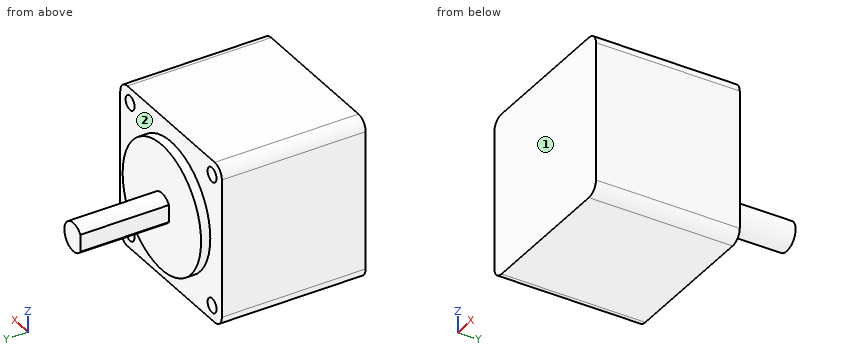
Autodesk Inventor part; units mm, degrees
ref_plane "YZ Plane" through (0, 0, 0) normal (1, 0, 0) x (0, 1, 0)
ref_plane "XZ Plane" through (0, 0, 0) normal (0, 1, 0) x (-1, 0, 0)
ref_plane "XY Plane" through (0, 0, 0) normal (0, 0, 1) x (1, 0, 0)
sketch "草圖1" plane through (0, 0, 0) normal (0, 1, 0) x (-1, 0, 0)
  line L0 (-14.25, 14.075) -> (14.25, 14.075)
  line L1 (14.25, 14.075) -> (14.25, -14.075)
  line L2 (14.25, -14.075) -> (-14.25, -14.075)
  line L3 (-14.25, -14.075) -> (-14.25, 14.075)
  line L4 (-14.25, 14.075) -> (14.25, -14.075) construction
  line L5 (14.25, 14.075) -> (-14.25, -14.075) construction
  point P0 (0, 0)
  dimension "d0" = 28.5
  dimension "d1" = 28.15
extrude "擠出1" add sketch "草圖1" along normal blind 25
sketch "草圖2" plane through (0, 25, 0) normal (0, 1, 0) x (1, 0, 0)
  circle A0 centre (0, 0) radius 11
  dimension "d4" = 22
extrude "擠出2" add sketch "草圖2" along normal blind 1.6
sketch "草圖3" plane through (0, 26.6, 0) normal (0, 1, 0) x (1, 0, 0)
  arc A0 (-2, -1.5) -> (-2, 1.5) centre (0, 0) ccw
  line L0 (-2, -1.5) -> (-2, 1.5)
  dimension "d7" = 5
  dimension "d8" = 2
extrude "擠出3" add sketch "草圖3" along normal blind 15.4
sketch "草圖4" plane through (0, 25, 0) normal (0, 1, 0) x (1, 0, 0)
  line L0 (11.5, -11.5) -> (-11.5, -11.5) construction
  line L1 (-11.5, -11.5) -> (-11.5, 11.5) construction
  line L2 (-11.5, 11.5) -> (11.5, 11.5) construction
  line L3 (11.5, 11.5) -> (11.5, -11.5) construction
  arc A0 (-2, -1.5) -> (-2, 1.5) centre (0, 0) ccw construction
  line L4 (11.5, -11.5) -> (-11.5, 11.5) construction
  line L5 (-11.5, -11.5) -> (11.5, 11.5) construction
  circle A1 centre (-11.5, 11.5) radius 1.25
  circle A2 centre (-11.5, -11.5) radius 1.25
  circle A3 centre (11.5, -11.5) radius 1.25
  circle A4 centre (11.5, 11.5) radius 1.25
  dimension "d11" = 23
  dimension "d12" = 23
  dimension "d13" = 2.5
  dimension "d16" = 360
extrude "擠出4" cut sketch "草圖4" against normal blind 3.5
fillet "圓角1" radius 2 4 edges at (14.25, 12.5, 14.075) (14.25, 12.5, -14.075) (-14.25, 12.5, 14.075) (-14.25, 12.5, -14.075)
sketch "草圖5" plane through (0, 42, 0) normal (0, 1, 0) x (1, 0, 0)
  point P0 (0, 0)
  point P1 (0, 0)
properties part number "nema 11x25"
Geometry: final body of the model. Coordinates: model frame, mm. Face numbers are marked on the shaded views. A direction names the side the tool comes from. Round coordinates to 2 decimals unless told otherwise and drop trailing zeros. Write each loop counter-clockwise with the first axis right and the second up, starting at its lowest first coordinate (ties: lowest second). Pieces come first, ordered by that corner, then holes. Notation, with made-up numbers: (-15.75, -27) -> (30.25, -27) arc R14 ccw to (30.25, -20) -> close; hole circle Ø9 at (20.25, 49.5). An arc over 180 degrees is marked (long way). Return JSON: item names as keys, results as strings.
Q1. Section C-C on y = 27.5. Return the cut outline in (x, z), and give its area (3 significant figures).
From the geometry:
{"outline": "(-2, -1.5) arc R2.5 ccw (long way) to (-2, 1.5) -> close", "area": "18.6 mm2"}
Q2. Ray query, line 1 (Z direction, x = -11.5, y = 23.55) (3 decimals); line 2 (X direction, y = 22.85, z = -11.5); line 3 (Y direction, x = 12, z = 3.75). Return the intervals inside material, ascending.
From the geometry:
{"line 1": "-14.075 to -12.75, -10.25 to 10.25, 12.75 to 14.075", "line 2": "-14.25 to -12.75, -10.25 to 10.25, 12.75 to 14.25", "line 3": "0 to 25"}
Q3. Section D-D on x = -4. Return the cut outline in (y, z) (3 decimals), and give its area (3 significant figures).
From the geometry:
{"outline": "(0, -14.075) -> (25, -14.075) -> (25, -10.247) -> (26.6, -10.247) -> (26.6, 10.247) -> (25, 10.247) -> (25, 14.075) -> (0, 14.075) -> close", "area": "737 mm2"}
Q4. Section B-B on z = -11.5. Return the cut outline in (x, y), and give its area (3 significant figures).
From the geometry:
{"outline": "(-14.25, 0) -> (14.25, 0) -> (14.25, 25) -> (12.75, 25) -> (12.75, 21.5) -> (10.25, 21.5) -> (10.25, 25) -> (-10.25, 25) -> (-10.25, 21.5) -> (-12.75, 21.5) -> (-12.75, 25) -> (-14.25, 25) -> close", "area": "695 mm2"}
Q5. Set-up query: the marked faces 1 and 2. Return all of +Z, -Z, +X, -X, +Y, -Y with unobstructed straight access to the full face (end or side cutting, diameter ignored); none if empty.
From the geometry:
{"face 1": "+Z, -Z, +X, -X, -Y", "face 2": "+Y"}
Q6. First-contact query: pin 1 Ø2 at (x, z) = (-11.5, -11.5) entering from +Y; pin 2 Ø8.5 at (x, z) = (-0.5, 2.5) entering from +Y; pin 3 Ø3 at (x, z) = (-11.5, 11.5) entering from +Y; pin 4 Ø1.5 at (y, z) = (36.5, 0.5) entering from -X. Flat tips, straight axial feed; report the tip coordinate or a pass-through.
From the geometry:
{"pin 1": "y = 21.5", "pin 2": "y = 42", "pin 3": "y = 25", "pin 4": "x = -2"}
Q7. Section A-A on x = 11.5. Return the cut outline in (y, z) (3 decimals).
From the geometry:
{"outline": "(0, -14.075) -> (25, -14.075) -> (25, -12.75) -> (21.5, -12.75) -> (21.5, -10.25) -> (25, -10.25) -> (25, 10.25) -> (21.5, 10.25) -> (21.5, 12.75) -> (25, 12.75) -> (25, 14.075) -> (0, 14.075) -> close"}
--
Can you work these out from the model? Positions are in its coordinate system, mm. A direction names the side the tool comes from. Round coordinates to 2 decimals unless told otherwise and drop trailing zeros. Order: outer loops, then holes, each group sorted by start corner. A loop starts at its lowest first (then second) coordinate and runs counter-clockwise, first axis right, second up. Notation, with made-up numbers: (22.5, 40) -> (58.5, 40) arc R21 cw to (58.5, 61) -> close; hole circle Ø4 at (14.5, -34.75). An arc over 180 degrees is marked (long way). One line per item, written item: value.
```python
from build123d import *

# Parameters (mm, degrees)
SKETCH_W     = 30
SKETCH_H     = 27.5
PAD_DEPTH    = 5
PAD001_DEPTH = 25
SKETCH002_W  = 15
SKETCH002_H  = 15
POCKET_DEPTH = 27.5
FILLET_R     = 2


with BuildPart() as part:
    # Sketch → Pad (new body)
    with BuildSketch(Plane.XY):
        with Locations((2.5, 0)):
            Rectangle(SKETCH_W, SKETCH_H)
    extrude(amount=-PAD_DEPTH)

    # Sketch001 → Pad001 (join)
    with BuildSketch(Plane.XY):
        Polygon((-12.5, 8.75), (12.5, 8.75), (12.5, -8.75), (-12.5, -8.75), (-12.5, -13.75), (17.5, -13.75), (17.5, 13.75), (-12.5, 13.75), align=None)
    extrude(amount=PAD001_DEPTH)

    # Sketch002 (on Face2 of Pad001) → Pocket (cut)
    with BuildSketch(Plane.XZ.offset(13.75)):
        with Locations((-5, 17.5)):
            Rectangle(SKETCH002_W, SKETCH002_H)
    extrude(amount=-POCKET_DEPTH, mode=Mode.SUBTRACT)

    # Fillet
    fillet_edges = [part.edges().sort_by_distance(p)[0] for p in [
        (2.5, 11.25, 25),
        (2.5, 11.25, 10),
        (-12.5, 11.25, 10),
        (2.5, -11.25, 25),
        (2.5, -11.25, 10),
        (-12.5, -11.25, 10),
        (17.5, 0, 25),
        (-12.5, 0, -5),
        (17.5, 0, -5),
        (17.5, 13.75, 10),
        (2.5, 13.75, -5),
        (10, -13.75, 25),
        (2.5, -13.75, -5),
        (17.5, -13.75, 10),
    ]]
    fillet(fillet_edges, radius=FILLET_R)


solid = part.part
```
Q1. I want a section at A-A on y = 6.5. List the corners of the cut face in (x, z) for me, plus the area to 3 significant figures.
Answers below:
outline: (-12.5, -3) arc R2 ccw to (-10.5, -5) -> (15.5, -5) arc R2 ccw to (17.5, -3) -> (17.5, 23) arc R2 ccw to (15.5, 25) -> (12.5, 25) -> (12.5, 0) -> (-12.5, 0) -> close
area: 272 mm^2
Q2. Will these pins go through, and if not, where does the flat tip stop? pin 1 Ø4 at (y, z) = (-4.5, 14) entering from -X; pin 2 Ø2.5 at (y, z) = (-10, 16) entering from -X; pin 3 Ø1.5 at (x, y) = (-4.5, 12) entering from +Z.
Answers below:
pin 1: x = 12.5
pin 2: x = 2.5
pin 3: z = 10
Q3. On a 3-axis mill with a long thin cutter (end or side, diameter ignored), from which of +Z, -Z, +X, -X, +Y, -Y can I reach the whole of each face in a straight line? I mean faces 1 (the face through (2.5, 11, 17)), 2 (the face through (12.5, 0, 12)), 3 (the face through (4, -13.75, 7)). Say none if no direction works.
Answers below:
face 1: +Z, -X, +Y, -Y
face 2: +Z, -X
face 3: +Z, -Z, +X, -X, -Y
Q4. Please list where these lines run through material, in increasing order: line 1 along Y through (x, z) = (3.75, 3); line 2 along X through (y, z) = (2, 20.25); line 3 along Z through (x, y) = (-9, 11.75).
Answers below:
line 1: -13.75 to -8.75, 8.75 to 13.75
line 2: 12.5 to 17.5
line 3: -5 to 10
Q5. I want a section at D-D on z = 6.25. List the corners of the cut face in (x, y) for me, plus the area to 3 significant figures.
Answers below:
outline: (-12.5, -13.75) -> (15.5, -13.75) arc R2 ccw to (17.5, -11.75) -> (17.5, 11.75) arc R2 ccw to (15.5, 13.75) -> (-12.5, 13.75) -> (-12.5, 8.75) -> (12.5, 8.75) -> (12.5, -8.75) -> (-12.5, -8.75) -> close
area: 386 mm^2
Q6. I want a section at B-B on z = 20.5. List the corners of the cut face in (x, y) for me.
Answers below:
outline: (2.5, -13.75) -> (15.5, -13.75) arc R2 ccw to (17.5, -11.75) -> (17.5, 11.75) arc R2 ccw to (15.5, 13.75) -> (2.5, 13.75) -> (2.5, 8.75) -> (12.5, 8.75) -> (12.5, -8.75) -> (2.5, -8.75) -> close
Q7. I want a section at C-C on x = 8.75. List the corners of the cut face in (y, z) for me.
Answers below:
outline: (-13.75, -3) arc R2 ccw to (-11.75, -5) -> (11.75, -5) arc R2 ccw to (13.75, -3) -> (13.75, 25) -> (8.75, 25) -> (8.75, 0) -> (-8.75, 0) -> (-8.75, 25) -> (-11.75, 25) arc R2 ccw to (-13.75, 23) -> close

PROBLEM STATEMENT: Extract the lines of the preceding material that run from the line with "Autodesk Inventor part; units mm, degrees" through the line with "plane through (0, 0, 0)", inclusive, reproducing them exactly and adding nothing.

REPLY TO THE TASK:
Autodesk Inventor part; units mm, degrees
ref_plane "YZ Plane" through (0, 0, 0) normal (1, 0, 0) x (0, 1, 0)
ref_plane "XZ Plane" through (0, 0, 0) normal (0, 1, 0) x (-1, 0, 0)
ref_plane "XY Plane" through (0, 0, 0) normal (0, 0, 1) x (1, 0, 0)
sketch "草圖1" plane through (0, 0, 0) normal (0, 1, 0) x (-1, 0, 0)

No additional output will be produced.